Well, okay then............................


----------



## Elizabeth Lynn (May 31, 2018)

Grey is a neutral color. Some other colors such as yellow or green can be too bold for a home and are hard to pair with other aspects of your space. Grey brings a cozy and stylish look to your space. Also, it can easily be matched with most other colors.


----------



## Gary (May 31, 2018)

We painted our foyer gray. In some light it looks gray in others almost white. Painted the bedroom an even lighter shade of gray and it does the same thing, only more.


----------



## swimmer_spe (May 31, 2018)

Elizabeth Lynn said:


> Grey is a neutral color. Some other colors such as yellow or green can be too bold for a home and are hard to pair with other aspects of your space. Grey brings a cozy and stylish look to your space. Also, it can easily be matched with most other colors.

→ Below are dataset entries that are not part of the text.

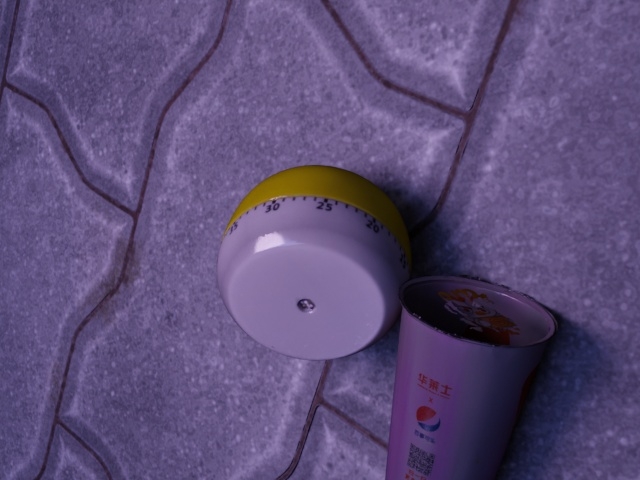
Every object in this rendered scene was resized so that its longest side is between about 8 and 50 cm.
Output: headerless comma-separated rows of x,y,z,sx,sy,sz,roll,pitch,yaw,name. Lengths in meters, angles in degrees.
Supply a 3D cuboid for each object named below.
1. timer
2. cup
0.000,0.000,1.262,0.285,0.285,0.285,4,96,39,timer
0.170,0.211,1.162,0.203,0.203,0.288,24,114,36,cup
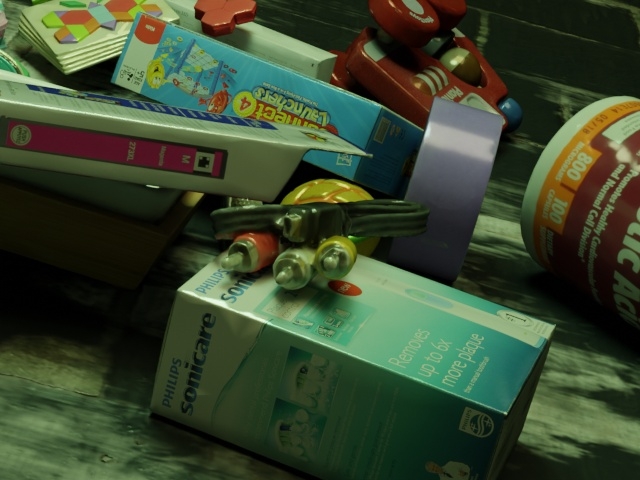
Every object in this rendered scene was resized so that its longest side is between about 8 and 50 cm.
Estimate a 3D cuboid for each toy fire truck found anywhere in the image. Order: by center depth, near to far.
[{"bbox_3d":[0.152,-0.219,2.352,0.254,0.169,0.302,44,28,5],"label":"toy fire truck"}]

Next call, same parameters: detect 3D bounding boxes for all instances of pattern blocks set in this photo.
[{"bbox_3d":[-0.276,-0.276,2.191,0.325,0.026,0.285,-31,44,-31],"label":"pattern blocks set"}]

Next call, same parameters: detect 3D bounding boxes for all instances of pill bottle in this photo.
[{"bbox_3d":[0.422,0.019,1.847,0.224,0.224,0.392,-6,30,-41],"label":"pill bottle"}]

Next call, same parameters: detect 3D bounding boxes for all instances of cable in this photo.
[{"bbox_3d":[0.000,0.000,1.555,0.139,0.072,0.287,4,4,22],"label":"cable"}]

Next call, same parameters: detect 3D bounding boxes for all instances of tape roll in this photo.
[{"bbox_3d":[0.134,-0.056,1.880,0.080,0.189,0.189,16,22,1],"label":"tape roll"}]

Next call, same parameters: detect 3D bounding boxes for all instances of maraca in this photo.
[{"bbox_3d":[0.002,-0.018,1.828,0.127,0.099,0.186,-12,16,-9],"label":"maraca"}]

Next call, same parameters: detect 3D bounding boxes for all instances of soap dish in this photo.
[{"bbox_3d":[-0.262,-0.063,1.735,0.291,0.118,0.229,18,23,4],"label":"soap dish"}]

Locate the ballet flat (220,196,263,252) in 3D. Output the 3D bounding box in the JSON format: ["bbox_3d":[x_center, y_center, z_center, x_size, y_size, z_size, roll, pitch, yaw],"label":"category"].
[{"bbox_3d":[-0.066,-0.004,1.767,0.058,0.084,0.250,1,30,-11],"label":"ballet flat"}]

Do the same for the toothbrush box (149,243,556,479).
[{"bbox_3d":[0.032,0.110,1.511,0.295,0.126,0.216,19,22,13],"label":"toothbrush box"}]

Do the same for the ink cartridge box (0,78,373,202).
[{"bbox_3d":[-0.153,-0.091,1.581,0.371,0.069,0.176,6,10,-14],"label":"ink cartridge box"}]

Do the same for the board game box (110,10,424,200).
[{"bbox_3d":[-0.040,-0.145,1.977,0.302,0.086,0.308,22,2,17],"label":"board game box"}]

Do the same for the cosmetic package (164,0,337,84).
[{"bbox_3d":[-0.103,-0.235,2.263,0.239,0.099,0.060,24,24,19],"label":"cosmetic package"}]

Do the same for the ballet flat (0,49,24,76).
[{"bbox_3d":[-0.459,-0.205,2.002,0.248,0.086,0.086,13,23,-3],"label":"ballet flat"}]

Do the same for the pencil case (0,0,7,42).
[{"bbox_3d":[-0.414,-0.194,1.742,0.124,0.124,0.284,17,24,5],"label":"pencil case"}]
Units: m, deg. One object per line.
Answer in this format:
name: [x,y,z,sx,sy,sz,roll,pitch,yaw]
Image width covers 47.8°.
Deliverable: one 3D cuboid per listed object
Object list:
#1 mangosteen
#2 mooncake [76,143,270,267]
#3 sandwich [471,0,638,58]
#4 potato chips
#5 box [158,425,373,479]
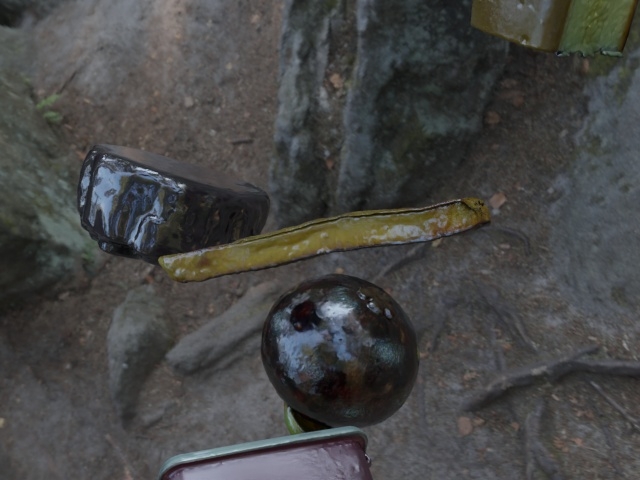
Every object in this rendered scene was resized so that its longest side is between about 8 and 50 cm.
mangosteen: [0.027,0.199,1.236,0.288,0.288,0.288,-16,62,32]
mooncake: [-0.219,-0.044,1.074,0.283,0.283,0.141,28,104,42]
sandwich: [0.227,-0.284,0.634,0.128,0.122,0.235,38,135,38]
potato chips: [0.000,0.000,0.430,0.204,0.037,0.026,-11,91,6]
box: [-0.057,0.372,0.910,0.167,0.294,0.193,-115,29,-45]
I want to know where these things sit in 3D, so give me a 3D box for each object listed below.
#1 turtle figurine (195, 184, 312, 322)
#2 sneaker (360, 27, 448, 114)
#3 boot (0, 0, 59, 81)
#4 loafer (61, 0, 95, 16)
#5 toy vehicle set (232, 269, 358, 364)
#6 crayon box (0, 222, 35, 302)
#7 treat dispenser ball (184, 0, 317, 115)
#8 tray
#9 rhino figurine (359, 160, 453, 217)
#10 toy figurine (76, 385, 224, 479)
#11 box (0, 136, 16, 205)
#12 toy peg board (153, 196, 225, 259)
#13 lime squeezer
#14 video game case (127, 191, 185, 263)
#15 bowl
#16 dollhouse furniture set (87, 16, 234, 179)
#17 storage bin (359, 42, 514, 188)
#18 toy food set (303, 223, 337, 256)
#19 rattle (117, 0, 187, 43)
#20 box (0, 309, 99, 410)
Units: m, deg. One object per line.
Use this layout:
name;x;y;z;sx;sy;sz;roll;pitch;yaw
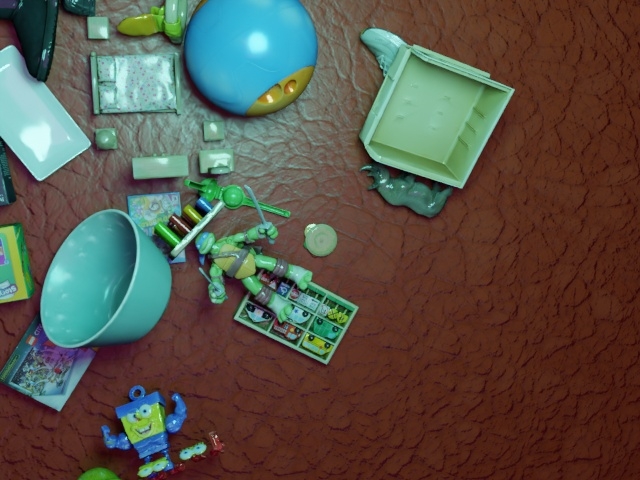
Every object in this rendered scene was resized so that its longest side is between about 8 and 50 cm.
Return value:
turtle figurine;-0.153;0.065;1.644;0.266;0.275;0.198;32;55;-17
sneaker;0.187;-0.401;1.768;0.262;0.099;0.121;37;92;-14
boot;-0.667;-0.470;1.553;0.207;0.094;0.246;6;87;-17
loafer;-0.506;-0.597;1.592;0.078;0.076;0.223;9;88;-31
toy vehicle set;-0.060;0.175;1.811;0.267;0.035;0.166;28;90;-15
crayon box;-0.788;0.066;1.604;0.278;0.081;0.165;-10;99;-12
treat dispenser ball;-0.148;-0.412;1.585;0.288;0.288;0.288;-2;97;-13
tray;-0.646;-0.277;1.609;0.145;0.030;0.270;-41;104;-18
rhino figurine;0.209;-0.134;1.816;0.243;0.073;0.106;19;90;-13
toy figurine;-0.427;0.460;1.738;0.362;0.191;0.217;-22;71;-2
box;-0.758;-0.144;1.579;0.156;0.093;0.158;-11;101;-12
toy peg board;-0.304;-0.042;1.655;0.079;0.161;0.160;43;78;-7
lime squeezer;-0.212;-0.110;1.712;0.310;0.110;0.059;17;75;-45
video game case;-0.384;-0.027;1.721;0.119;0.015;0.166;-6;99;-13
bowl;-0.446;0.103;1.603;0.163;0.311;0.311;32;89;-48
dollhouse furniture set;-0.347;-0.317;1.611;0.303;0.174;0.355;-4;98;-13
storage bin;0.264;-0.294;1.724;0.260;0.123;0.262;14;116;-22
toy food set;0.000;0.000;1.811;0.083;0.020;0.082;-1;98;-13
rattle;-0.354;-0.545;1.627;0.143;0.130;0.199;2;87;16
box;-0.608;0.253;1.688;0.159;0.044;0.233;32;89;-15
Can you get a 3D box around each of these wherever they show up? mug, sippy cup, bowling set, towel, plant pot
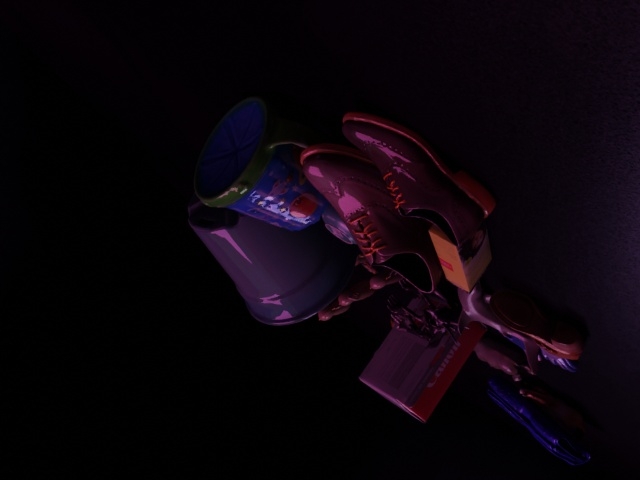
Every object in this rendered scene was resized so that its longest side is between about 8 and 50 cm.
[{"bbox_3d":[0.077,-0.044,1.468,0.158,0.097,0.129,39,170,-16],"label":"mug"},{"bbox_3d":[-0.097,-0.134,1.337,0.224,0.240,0.305,30,-175,-35],"label":"sippy cup"},{"bbox_3d":[0.067,0.082,1.779,0.154,0.287,0.199,-19,-106,-55],"label":"bowling set"},{"bbox_3d":[0.658,0.554,2.037,0.228,0.076,0.308,38,-176,-37],"label":"towel"},{"bbox_3d":[-0.136,-0.019,1.661,0.341,0.341,0.334,25,160,48],"label":"plant pot"}]

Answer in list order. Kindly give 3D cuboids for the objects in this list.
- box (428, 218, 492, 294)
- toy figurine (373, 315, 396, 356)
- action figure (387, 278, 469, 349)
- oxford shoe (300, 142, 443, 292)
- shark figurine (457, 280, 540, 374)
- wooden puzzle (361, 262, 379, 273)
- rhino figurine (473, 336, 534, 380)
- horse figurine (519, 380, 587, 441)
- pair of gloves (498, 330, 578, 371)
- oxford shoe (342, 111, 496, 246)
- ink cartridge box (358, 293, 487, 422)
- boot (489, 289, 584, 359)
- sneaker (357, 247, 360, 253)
[{"bbox_3d":[0.251,0.012,1.171,0.058,0.087,0.232,31,170,27],"label":"box"},{"bbox_3d":[0.314,0.389,2.355,0.213,0.209,0.148,37,154,-24],"label":"toy figurine"},{"bbox_3d":[0.262,0.178,1.718,0.141,0.164,0.276,35,177,-24],"label":"action figure"},{"bbox_3d":[0.105,-0.038,1.196,0.364,0.132,0.130,35,142,-23],"label":"oxford shoe"},{"bbox_3d":[0.370,0.181,1.490,0.278,0.116,0.166,41,171,-16],"label":"shark figurine"},{"bbox_3d":[0.159,0.090,2.088,0.083,0.006,0.049,41,169,-24],"label":"wooden puzzle"},{"bbox_3d":[0.473,0.308,1.844,0.106,0.073,0.243,39,172,-37],"label":"rhino figurine"},{"bbox_3d":[0.707,0.507,1.999,0.263,0.066,0.174,38,176,5],"label":"horse figurine"},{"bbox_3d":[0.513,0.250,1.582,0.159,0.023,0.198,44,167,-30],"label":"pair of gloves"},{"bbox_3d":[0.134,-0.097,1.017,0.271,0.098,0.097,35,170,4],"label":"oxford shoe"},{"bbox_3d":[0.292,0.315,1.795,0.130,0.309,0.272,40,170,-23],"label":"ink cartridge box"},{"bbox_3d":[0.443,0.182,1.363,0.197,0.073,0.152,33,174,32],"label":"boot"},{"bbox_3d":[0.000,0.000,1.931,0.262,0.104,0.125,28,165,38],"label":"sneaker"}]
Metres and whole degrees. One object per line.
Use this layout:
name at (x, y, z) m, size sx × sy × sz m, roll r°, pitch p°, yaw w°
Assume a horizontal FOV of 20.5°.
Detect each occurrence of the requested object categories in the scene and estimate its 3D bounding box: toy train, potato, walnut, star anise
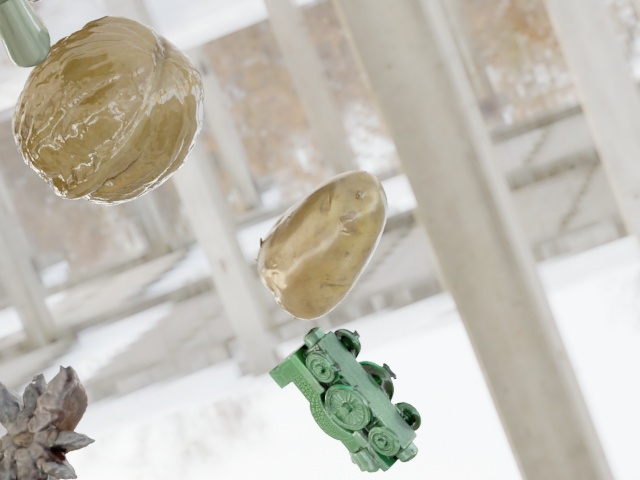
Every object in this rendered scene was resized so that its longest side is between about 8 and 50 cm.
toy train at (0.031, 0.177, 1.923) m, size 0.104 × 0.178 × 0.071 m, roll -39°, pitch 180°, yaw 43°
potato at (-0.002, 0.004, 2.106) m, size 0.161 × 0.128 × 0.235 m, roll -64°, pitch -173°, yaw -21°
walnut at (-0.264, -0.155, 2.196) m, size 0.261 × 0.225 × 0.225 m, roll -38°, pitch 176°, yaw 38°
star anise at (-0.396, 0.275, 2.422) m, size 0.236 × 0.229 × 0.093 m, roll -49°, pitch 148°, yaw 8°

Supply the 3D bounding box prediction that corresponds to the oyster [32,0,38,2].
oyster at (-0.404, -0.349, 2.319) m, size 0.238 × 0.115 × 0.351 m, roll -28°, pitch 173°, yaw 31°

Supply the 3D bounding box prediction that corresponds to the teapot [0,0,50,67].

I was in the navy for 8 years. The ships are painted in various shades of grey. Not one of them feels "cozy".


----------



## Elizabeth Lynn (Jun 1, 2018)

swimmer_spe said:


> I was in the navy for 8 years. The ships are painted in various shades of grey. Not one of them feels "cozy".


Well that's because it's a different circumstance. It's hard to relate the navy to a room color for a home. Grey for a bedroom can make the room feel warm since it's a neutral color. As it says in this article from Better Homes & Gardens: https://www.bhg.com/decorating/color/paint/cozy-colors/ charcoal, a darker grey, can bring warmth to a room.


----------



## swimmer_spe (Jun 1, 2018)

Elizabeth Lynn said:


> Well that's because it's a different circumstance. It's hard to relate the navy to a room color for a home. Grey for a bedroom can make the room feel warm since it's a neutral color. As it says in this article from Better Homes & Gardens: https://www.bhg.com/decorating/color/paint/cozy-colors/ charcoal, a darker grey, can bring warmth to a room.



Yes, that is what they say. Any homes I have been to that have been painted in various greys makes me feel like I am back on a ship.


----------



## slownsteady (Jun 2, 2018)

But seriously, just like white walls were "in" back in the 80's. A neutral background allows you to decorate with colors that don't get overbearing. Pittsburgh seems to be inundated in purple...or yellow... bathrooms. When you walk into these rooms you get blasted with color.


----------